A larger source of morphodynamic relief may be preserving fluvial channel belts, similar to the way bar topography preserves dunes and channel topography preserves bars. This is generally predicted by theory showing morphodynamic feedbacks can occur up to the 100s of km-scale in fine-grained sedimentary systems (Ganti et al., 2014). Channel belts in the subsurface US Gulf Coast imaged in 3D seismic reflectance volumes show minimal signs of reworking, despite estimated subsidence rates that suggest the time required to accumulate a channel-belt thickness of sediment is much greater than the time required for a channel to avulse, re-occupy a location, and rework older channel belts (Paola et al., 2018). That is, sedimentation at subsidence rates alone would be unable to fully bury channel belts and protect them from scour by younger channels. Minimal reworking coupled with the order of magnitude difference between avulsion frequency and subsidence rates indicate that depositional hiatus was an important part of this stratigraphy, during which channel and floodplain deposition shifted laterally (Paola et al., 2018). With sedimentation rates on floodplains being a function of distance from the channel (Pizzuto, 1987), the highest elevations on alluvial plains are often located along channel margins (Hassenruck-Gudipati et al., 2022), forming topographic features containing channels called alluvial ridges. This lateral variability in sedimentation builds relief, developing basins which channel belts can be routed into (Aslan & Blum, 1999; Speed et al., 2022; Swartz et al., 2022). These alluvial-ridge basins often develop well-defined tributary drainage networks despite their relatively low relief (Swartz et al., 2022; Fig. 1).

Indeed, 1D core data suggest that channels are often steered into these depressions following the abandonment of a higher, perched channel (Aslan & Blum, 1999). High-resolution 2D seismic reflectance images have shown that channel belts preserved within these basins can have fully preserved point-bar rollovers, consistent with the preservation of nearly the full vertical extent of the channel belt (Speed et al., 2022).
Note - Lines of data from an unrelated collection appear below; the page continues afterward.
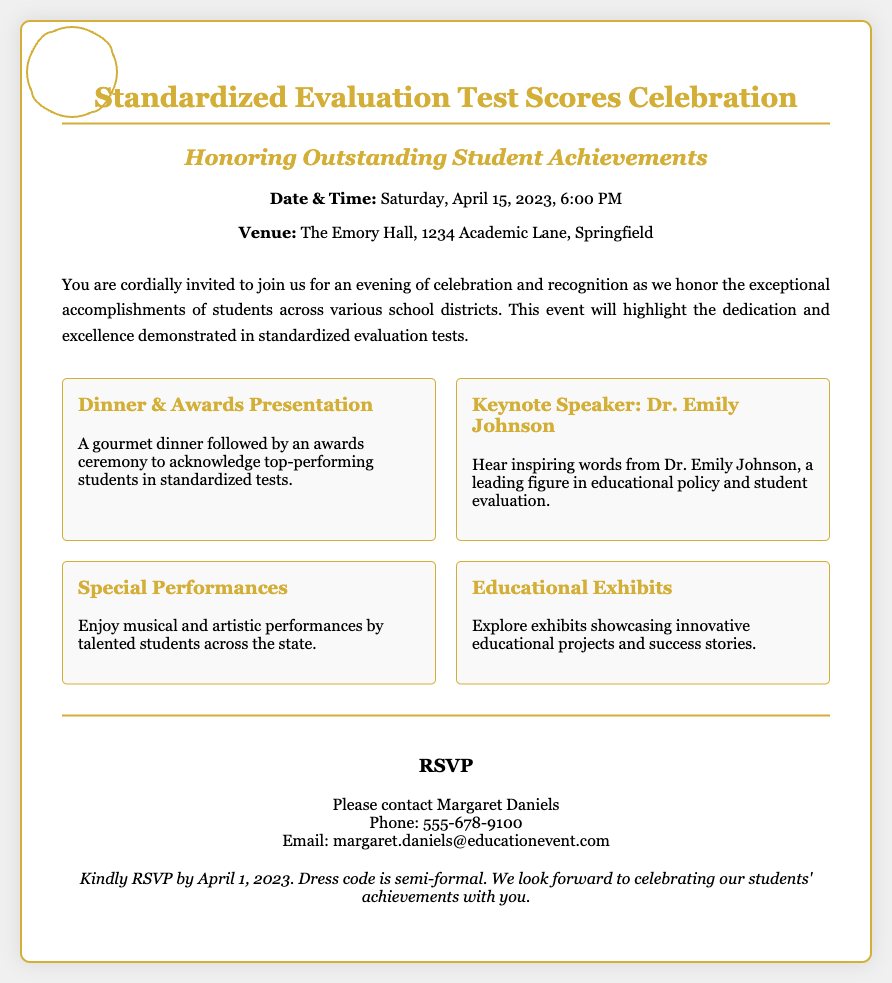what is the date of the event? The date of the event is specified in the details section of the invitation.
Answer: Saturday, April 15, 2023 what is the venue for the celebration? The venue is stated in the details section of the invitation.
Answer: The Emory Hall, 1234 Academic Lane, Springfield who is the keynote speaker? The keynote speaker is mentioned in the features section of the invitation.
Answer: Dr. Emily Johnson what kind of performances will be featured? This information is found in the features section of the invitation.
Answer: Musical and artistic performances what is the RSVP deadline? The RSVP deadline is mentioned in the additional notes of the invitation.
Answer: April 1, 2023 what is the dress code for the event? The dress code is specified in the additional notes of the invitation.
Answer: Semi-formal how many features are highlighted in the invitation? The number of features is based on the features section of the invitation, which lists them.
Answer: Four what will follow the gourmet dinner? This follows logically from the sequence provided in the features section.
Answer: Awards presentation who should be contacted for RSVP? The contact person for RSVP is provided in the RSVP section.
Answer: Margaret Daniels

Numerical models of alluvial-channel aggradation and avulsion show similar routing (Jerolmack & Paola, 2007). This general process, whereby the topography associated with a channel steers later channelized deposition into topographic lows, is called compensational stacking (Straub et al., 2009).

We hypothesize that coastal basins between alluvial ridges are the source of morphodynamic topography preserving channel belts. Here, we used a 3D seismic reflectance volume imaging channel belts to further test this hypothesis using measurements that took full advantage of the three dimensionality of the data, adding significant spatial coverage to very local but high-resolution 1D and 2D datasets supporting the hypothesis (Aslan & Blum, 1999; Speed et al., 2022). The volume images Pleistocene alluvial strata offshore the US Gulf Coast. Late Pleistocene sea-level lowstands are recorded by coastal plains that pushed farther into the Gulf of Mexico than in the modern and the cutting of incised valleys (e.g. Galloway et al., 2000, 2011; Simms et al., 2007). These Pleistocene coastal plains and valleys are buried and filled by younger deposits accumulated since lowest sea level (Meckel & Mulcahy, 2016; Speed et al., 2022).

METHODS

To test the hypothesis that alluvial-ridge basins preserve fluvial channel belts, we acquired a 3D seismic volume imaging channel belts, and mapped the basal and lateral extent of the belts. From this mapping, we generated geometric measurements of the belts and checked (1) if channel belts have a spread of orientations consistent with steering by coastal alluvial-ridge basin topography, which would be expected if Pleistocene alluvial-ridge basins were generally similar to the modern in terms of size and shape, and (2) if channel belts are preserved without significant reworking over 10s of km, or many times their width.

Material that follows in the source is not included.